---- Source data

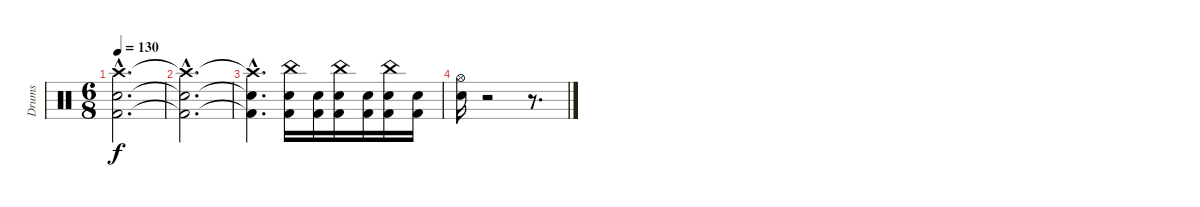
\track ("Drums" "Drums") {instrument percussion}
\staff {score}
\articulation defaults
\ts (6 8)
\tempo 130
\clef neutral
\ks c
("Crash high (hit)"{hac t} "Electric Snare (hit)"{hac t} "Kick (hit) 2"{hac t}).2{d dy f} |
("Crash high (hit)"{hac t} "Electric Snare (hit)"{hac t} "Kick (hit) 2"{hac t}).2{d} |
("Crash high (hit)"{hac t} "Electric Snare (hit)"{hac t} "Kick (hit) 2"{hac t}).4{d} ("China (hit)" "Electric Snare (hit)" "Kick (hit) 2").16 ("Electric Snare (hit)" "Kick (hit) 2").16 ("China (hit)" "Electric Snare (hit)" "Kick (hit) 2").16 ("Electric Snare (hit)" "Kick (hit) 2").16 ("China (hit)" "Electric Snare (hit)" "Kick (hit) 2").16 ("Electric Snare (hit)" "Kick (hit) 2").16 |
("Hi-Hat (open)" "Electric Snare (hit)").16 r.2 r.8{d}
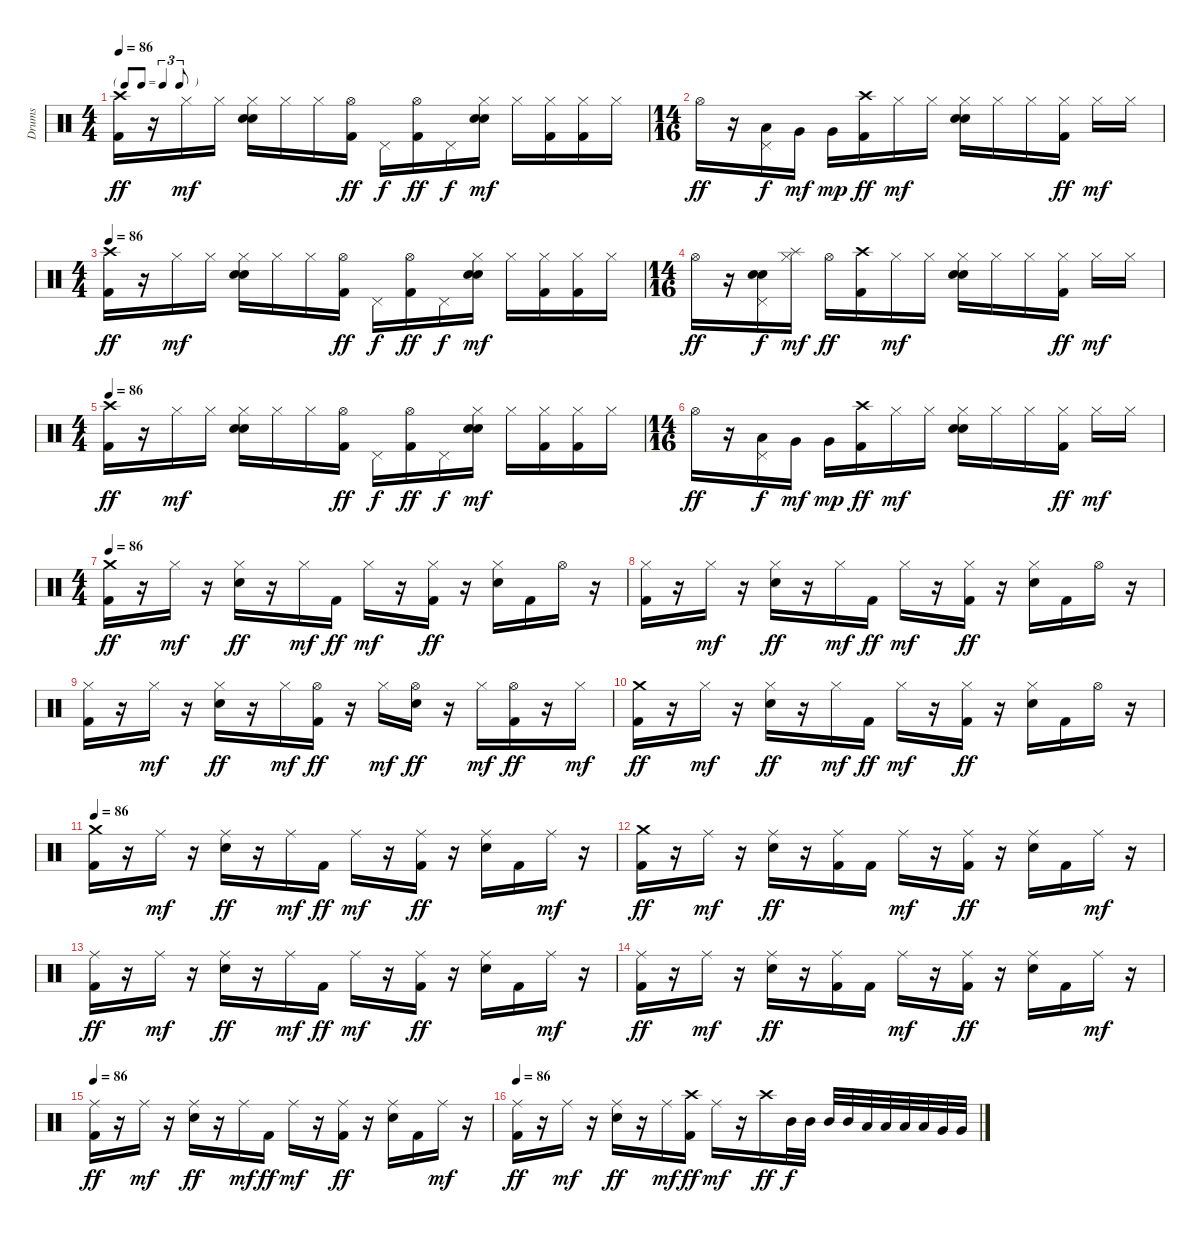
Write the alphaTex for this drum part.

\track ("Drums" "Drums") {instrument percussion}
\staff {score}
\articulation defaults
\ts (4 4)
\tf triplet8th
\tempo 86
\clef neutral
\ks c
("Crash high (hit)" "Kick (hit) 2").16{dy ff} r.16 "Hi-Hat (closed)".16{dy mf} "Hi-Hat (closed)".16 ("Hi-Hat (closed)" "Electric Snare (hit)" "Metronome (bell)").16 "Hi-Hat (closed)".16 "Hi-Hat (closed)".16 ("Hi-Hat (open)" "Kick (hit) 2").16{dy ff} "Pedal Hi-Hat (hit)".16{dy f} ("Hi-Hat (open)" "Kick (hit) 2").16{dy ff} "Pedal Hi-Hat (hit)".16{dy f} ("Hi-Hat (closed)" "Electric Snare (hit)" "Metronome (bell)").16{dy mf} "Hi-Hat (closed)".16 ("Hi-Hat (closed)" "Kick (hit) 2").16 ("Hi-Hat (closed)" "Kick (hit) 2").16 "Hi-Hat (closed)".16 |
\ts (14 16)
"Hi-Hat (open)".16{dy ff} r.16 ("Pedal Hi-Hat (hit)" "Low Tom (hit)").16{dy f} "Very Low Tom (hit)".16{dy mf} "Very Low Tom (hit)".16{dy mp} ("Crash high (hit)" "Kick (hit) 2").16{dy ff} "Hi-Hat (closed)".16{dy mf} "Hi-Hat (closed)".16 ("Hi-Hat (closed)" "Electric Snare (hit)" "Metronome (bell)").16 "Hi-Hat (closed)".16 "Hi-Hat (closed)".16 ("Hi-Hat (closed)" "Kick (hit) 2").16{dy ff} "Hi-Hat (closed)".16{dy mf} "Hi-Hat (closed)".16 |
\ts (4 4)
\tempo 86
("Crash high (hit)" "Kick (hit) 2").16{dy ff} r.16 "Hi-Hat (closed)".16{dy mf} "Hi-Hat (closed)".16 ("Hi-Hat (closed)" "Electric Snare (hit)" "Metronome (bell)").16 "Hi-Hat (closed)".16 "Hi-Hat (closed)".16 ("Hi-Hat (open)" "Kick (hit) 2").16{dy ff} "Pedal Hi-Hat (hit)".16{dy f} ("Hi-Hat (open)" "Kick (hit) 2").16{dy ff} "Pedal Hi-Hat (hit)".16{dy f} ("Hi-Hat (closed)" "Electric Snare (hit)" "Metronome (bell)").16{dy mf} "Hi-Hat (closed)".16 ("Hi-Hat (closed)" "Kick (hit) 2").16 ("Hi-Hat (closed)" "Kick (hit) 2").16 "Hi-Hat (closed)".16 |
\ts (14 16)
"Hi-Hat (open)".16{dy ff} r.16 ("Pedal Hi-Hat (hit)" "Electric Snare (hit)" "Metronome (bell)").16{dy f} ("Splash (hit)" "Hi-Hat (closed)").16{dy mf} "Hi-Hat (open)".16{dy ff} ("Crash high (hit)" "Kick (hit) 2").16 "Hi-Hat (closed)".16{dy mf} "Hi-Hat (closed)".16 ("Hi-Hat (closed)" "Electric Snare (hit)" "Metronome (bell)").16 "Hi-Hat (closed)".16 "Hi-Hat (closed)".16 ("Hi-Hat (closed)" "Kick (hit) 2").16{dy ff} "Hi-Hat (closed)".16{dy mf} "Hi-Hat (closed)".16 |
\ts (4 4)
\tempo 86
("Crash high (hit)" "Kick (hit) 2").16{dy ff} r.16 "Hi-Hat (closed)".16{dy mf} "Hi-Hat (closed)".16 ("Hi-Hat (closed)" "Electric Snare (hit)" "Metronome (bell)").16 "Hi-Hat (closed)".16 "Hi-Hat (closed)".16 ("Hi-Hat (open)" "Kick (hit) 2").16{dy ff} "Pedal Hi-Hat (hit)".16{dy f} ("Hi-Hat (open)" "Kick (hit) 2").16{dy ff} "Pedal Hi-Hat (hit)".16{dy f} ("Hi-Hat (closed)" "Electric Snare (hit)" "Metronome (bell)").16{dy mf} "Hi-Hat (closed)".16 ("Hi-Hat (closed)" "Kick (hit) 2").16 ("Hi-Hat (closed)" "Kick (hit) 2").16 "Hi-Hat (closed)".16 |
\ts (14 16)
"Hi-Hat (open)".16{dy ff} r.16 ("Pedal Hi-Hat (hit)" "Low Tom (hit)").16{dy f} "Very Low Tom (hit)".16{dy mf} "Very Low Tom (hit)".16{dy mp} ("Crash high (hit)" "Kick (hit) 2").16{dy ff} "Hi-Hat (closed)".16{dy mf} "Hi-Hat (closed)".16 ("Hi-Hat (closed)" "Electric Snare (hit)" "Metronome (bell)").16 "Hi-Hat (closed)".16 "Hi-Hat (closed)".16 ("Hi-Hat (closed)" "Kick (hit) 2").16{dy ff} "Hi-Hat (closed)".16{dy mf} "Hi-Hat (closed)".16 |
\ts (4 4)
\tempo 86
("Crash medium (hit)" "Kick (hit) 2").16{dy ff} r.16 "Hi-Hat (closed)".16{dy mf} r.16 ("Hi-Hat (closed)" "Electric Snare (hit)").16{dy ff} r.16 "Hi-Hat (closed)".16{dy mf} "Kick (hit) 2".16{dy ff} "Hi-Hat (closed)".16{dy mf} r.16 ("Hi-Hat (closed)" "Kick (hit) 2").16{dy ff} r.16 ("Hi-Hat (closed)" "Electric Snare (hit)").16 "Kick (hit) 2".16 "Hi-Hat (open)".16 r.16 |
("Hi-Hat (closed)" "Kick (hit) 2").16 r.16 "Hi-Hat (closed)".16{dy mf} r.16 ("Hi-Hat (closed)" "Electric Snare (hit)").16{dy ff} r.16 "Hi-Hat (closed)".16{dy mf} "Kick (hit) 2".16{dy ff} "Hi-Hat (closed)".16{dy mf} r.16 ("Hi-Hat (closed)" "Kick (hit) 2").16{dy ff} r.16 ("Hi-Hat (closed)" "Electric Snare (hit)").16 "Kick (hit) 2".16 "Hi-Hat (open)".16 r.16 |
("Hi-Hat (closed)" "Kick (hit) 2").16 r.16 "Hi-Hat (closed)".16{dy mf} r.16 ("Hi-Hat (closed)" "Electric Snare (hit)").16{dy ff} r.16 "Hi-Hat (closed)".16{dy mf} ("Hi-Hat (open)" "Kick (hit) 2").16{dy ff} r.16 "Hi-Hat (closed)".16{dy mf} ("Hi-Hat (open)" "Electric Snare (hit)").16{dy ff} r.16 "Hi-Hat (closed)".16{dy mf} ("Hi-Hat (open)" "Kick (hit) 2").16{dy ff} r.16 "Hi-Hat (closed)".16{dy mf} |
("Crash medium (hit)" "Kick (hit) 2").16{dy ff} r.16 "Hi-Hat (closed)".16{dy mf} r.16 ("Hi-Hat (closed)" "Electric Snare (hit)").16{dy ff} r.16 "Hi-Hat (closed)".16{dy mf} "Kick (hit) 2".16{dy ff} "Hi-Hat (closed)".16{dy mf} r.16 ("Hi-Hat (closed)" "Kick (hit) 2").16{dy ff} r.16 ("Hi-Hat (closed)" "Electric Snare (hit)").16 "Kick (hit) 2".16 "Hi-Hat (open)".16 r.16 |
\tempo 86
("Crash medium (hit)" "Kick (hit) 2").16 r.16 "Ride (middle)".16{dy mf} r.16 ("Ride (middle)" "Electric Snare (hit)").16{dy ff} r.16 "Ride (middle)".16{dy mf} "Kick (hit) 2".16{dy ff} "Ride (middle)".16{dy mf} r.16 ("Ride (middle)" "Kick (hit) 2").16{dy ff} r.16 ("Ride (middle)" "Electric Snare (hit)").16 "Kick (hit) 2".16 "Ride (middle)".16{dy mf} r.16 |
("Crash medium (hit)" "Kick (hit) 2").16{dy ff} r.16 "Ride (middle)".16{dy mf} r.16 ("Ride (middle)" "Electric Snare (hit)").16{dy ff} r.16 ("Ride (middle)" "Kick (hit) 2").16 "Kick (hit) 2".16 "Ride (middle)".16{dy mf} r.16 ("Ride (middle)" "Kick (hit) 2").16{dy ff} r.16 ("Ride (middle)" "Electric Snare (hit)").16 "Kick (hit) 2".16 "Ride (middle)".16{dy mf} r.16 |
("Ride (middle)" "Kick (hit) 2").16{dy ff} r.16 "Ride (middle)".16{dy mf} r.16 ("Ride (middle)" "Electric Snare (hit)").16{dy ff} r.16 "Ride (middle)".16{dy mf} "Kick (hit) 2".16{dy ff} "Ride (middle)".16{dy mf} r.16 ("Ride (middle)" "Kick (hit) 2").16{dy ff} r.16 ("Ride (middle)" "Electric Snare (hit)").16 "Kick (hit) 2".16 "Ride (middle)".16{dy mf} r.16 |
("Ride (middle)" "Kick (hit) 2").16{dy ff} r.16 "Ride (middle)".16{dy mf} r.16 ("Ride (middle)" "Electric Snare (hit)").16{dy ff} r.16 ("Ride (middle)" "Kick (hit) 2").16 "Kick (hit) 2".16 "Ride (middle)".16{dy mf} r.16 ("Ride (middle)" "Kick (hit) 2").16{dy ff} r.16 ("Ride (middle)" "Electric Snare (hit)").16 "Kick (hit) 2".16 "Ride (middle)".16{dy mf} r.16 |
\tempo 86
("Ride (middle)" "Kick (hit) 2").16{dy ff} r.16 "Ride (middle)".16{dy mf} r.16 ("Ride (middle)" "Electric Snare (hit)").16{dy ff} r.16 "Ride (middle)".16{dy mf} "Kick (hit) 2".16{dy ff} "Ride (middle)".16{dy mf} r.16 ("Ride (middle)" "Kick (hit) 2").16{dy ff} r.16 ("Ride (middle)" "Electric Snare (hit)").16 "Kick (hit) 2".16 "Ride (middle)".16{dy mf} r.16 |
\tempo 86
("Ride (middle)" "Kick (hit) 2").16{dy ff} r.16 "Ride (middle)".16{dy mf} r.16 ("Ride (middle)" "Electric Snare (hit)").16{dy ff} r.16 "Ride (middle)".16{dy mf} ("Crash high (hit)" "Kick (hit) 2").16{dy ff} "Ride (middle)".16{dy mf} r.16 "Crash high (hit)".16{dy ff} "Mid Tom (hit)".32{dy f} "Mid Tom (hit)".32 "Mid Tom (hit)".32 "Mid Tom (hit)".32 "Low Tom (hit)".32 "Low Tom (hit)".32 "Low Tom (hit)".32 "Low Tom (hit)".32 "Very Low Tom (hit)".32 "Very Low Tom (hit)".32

--------

▶ **Problem**:
All that is needed is a number: how many lines in the data above contain the string "medium".

▶ **Task response**:
4